• Your task
All of the data must be returned exactly as given.

• Provided data
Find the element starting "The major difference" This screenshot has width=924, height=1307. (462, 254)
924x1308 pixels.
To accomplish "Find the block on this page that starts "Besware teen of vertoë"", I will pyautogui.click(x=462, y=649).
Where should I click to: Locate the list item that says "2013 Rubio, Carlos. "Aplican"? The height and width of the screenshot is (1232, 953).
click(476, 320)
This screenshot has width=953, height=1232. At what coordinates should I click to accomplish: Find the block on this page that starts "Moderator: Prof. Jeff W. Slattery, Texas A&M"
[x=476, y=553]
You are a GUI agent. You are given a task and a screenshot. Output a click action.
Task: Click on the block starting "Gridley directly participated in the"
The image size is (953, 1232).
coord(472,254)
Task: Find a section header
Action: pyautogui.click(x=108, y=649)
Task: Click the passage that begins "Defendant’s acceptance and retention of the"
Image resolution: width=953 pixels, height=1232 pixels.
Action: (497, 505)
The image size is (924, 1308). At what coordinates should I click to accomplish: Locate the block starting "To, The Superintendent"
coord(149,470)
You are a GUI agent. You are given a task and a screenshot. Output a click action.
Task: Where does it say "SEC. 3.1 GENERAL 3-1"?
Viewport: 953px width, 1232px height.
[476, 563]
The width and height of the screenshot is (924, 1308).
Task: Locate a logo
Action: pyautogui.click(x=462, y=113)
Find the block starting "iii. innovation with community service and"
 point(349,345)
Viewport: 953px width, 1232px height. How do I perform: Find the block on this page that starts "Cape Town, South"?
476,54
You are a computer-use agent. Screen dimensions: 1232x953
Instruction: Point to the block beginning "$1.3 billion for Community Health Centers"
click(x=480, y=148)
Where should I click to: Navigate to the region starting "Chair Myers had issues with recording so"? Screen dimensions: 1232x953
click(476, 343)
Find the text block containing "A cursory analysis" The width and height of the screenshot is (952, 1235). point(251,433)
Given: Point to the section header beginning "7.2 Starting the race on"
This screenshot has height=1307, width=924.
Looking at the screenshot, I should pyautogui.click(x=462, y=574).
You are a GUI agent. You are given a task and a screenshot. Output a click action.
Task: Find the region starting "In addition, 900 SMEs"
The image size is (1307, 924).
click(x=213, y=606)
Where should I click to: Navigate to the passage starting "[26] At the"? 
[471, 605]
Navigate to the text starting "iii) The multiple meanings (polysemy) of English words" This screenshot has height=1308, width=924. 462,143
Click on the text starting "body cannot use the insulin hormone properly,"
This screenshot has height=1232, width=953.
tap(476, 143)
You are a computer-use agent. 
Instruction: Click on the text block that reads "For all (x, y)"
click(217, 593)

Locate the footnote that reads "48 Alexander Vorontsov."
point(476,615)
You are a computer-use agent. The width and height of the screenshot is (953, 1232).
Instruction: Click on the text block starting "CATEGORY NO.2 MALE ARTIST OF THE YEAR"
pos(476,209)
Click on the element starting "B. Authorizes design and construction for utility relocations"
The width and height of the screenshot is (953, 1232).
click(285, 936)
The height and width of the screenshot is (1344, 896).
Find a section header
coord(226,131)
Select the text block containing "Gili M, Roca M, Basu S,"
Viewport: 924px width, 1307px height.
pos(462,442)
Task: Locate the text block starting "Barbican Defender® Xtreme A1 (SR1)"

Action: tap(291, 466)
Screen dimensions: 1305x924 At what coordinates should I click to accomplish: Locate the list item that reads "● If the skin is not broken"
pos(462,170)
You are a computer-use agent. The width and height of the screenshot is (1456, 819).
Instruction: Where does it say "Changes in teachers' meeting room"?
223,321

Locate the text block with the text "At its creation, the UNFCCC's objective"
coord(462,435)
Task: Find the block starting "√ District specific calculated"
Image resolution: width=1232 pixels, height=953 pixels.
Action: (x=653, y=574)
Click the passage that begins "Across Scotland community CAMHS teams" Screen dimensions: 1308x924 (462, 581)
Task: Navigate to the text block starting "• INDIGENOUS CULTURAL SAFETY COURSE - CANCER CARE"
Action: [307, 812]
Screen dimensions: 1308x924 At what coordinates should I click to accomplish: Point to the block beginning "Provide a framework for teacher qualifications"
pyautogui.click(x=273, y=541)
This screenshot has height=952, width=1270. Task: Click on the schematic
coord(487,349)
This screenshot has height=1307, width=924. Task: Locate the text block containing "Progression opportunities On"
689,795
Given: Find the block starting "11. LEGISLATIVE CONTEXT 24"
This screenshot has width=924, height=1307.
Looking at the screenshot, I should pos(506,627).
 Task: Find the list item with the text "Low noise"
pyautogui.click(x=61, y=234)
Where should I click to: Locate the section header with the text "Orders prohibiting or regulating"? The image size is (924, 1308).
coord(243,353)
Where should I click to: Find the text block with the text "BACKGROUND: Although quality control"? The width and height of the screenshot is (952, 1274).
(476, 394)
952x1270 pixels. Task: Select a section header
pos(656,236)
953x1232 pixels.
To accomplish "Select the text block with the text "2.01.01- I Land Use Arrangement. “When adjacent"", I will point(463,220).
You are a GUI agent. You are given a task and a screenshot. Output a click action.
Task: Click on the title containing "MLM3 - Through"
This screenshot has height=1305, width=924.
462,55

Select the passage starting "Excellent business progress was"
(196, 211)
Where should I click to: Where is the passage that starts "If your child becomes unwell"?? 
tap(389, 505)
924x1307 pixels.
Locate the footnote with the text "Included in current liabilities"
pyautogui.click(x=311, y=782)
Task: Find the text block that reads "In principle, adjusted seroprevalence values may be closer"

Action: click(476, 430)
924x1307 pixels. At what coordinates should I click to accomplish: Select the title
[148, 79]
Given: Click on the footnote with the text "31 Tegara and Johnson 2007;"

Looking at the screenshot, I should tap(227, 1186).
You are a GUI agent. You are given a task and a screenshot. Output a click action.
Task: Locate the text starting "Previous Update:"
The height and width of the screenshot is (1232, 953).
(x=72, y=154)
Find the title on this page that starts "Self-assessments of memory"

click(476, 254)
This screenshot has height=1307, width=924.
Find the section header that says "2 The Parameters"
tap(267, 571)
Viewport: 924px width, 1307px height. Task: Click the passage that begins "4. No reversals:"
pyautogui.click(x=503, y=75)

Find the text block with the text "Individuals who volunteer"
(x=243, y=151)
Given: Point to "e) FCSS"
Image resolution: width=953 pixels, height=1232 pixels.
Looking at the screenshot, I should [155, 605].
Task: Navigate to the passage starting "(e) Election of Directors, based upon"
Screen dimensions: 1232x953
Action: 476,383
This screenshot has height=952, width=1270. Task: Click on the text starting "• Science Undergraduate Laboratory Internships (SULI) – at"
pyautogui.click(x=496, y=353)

• Problem solution
Find the element starting "The major difference" This screenshot has width=924, height=1307. (462, 254)
924x1308 pixels.
To accomplish "Find the block on this page that starts "Besware teen of vertoë"", I will pyautogui.click(x=462, y=649).
Where should I click to: Locate the list item that says "2013 Rubio, Carlos. "Aplican"? The height and width of the screenshot is (1232, 953).
click(476, 320)
This screenshot has width=953, height=1232. At what coordinates should I click to accomplish: Find the block on this page that starts "Moderator: Prof. Jeff W. Slattery, Texas A&M"
[x=476, y=553]
You are a GUI agent. You are given a task and a screenshot. Output a click action.
Task: Click on the block starting "Gridley directly participated in the"
The image size is (953, 1232).
coord(472,254)
Task: Find a section header
Action: pyautogui.click(x=108, y=649)
Task: Click the passage that begins "Defendant’s acceptance and retention of the"
Image resolution: width=953 pixels, height=1232 pixels.
Action: (497, 505)
The image size is (924, 1308). At what coordinates should I click to accomplish: Locate the block starting "To, The Superintendent"
coord(149,470)
You are a GUI agent. You are given a task and a screenshot. Output a click action.
Task: Where does it say "SEC. 3.1 GENERAL 3-1"?
Viewport: 953px width, 1232px height.
[476, 563]
The width and height of the screenshot is (924, 1308).
Task: Locate a logo
Action: pyautogui.click(x=462, y=113)
Find the block starting "iii. innovation with community service and"
 point(349,345)
Viewport: 953px width, 1232px height. How do I perform: Find the block on this page that starts "Cape Town, South"?
476,54
You are a computer-use agent. Screen dimensions: 1232x953
Instruction: Point to the block beginning "$1.3 billion for Community Health Centers"
click(x=480, y=148)
Where should I click to: Navigate to the region starting "Chair Myers had issues with recording so"? Screen dimensions: 1232x953
click(476, 343)
Find the text block containing "A cursory analysis" The width and height of the screenshot is (952, 1235). point(251,433)
Given: Point to the section header beginning "7.2 Starting the race on"
This screenshot has height=1307, width=924.
Looking at the screenshot, I should pyautogui.click(x=462, y=574).
You are a GUI agent. You are given a task and a screenshot. Output a click action.
Task: Find the region starting "In addition, 900 SMEs"
The image size is (1307, 924).
click(x=213, y=606)
Where should I click to: Navigate to the passage starting "[26] At the"? 
[471, 605]
Navigate to the text starting "iii) The multiple meanings (polysemy) of English words" This screenshot has height=1308, width=924. 462,143
Click on the text starting "body cannot use the insulin hormone properly,"
This screenshot has height=1232, width=953.
tap(476, 143)
You are a computer-use agent. 
Instruction: Click on the text block that reads "For all (x, y)"
click(217, 593)

Locate the footnote that reads "48 Alexander Vorontsov."
point(476,615)
You are a computer-use agent. The width and height of the screenshot is (953, 1232).
Instruction: Click on the text block starting "CATEGORY NO.2 MALE ARTIST OF THE YEAR"
pos(476,209)
Click on the element starting "B. Authorizes design and construction for utility relocations"
The width and height of the screenshot is (953, 1232).
click(285, 936)
The height and width of the screenshot is (1344, 896).
Find a section header
coord(226,131)
Select the text block containing "Gili M, Roca M, Basu S,"
Viewport: 924px width, 1307px height.
pos(462,442)
Task: Locate the text block starting "Barbican Defender® Xtreme A1 (SR1)"

Action: tap(291, 466)
Screen dimensions: 1305x924 At what coordinates should I click to accomplish: Locate the list item that reads "● If the skin is not broken"
pos(462,170)
You are a computer-use agent. The width and height of the screenshot is (1456, 819).
Instruction: Where does it say "Changes in teachers' meeting room"?
223,321

Locate the text block with the text "At its creation, the UNFCCC's objective"
coord(462,435)
Task: Find the block starting "√ District specific calculated"
Image resolution: width=1232 pixels, height=953 pixels.
Action: (x=653, y=574)
Click the passage that begins "Across Scotland community CAMHS teams" Screen dimensions: 1308x924 (462, 581)
Task: Navigate to the text block starting "• INDIGENOUS CULTURAL SAFETY COURSE - CANCER CARE"
Action: [307, 812]
Screen dimensions: 1308x924 At what coordinates should I click to accomplish: Point to the block beginning "Provide a framework for teacher qualifications"
pyautogui.click(x=273, y=541)
This screenshot has height=952, width=1270. Task: Click on the schematic
coord(487,349)
This screenshot has height=1307, width=924. Task: Locate the text block containing "Progression opportunities On"
689,795
Given: Find the block starting "11. LEGISLATIVE CONTEXT 24"
This screenshot has width=924, height=1307.
Looking at the screenshot, I should pos(506,627).
 Task: Find the list item with the text "Low noise"
pyautogui.click(x=61, y=234)
Where should I click to: Locate the section header with the text "Orders prohibiting or regulating"? The image size is (924, 1308).
coord(243,353)
Where should I click to: Find the text block with the text "BACKGROUND: Although quality control"? The width and height of the screenshot is (952, 1274).
(476, 394)
952x1270 pixels. Task: Select a section header
pos(656,236)
953x1232 pixels.
To accomplish "Select the text block with the text "2.01.01- I Land Use Arrangement. “When adjacent"", I will point(463,220).
You are a GUI agent. You are given a task and a screenshot. Output a click action.
Task: Click on the title containing "MLM3 - Through"
This screenshot has height=1305, width=924.
462,55

Select the passage starting "Excellent business progress was"
(196, 211)
Where should I click to: Where is the passage that starts "If your child becomes unwell"?? 
tap(389, 505)
924x1307 pixels.
Locate the footnote with the text "Included in current liabilities"
pyautogui.click(x=311, y=782)
Task: Find the text block that reads "In principle, adjusted seroprevalence values may be closer"

Action: click(476, 430)
924x1307 pixels. At what coordinates should I click to accomplish: Select the title
[148, 79]
Given: Click on the footnote with the text "31 Tegara and Johnson 2007;"

Looking at the screenshot, I should tap(227, 1186).
You are a GUI agent. You are given a task and a screenshot. Output a click action.
Task: Locate the text starting "Previous Update:"
The height and width of the screenshot is (1232, 953).
(x=72, y=154)
Find the title on this page that starts "Self-assessments of memory"

click(476, 254)
This screenshot has height=1307, width=924.
Find the section header that says "2 The Parameters"
tap(267, 571)
Viewport: 924px width, 1307px height. Task: Click the passage that begins "4. No reversals:"
pyautogui.click(x=503, y=75)

Find the text block with the text "Individuals who volunteer"
(x=243, y=151)
Given: Point to "e) FCSS"
Image resolution: width=953 pixels, height=1232 pixels.
Looking at the screenshot, I should [155, 605].
Task: Navigate to the passage starting "(e) Election of Directors, based upon"
Screen dimensions: 1232x953
Action: 476,383
This screenshot has height=952, width=1270. Task: Click on the text starting "• Science Undergraduate Laboratory Internships (SULI) – at"
pyautogui.click(x=496, y=353)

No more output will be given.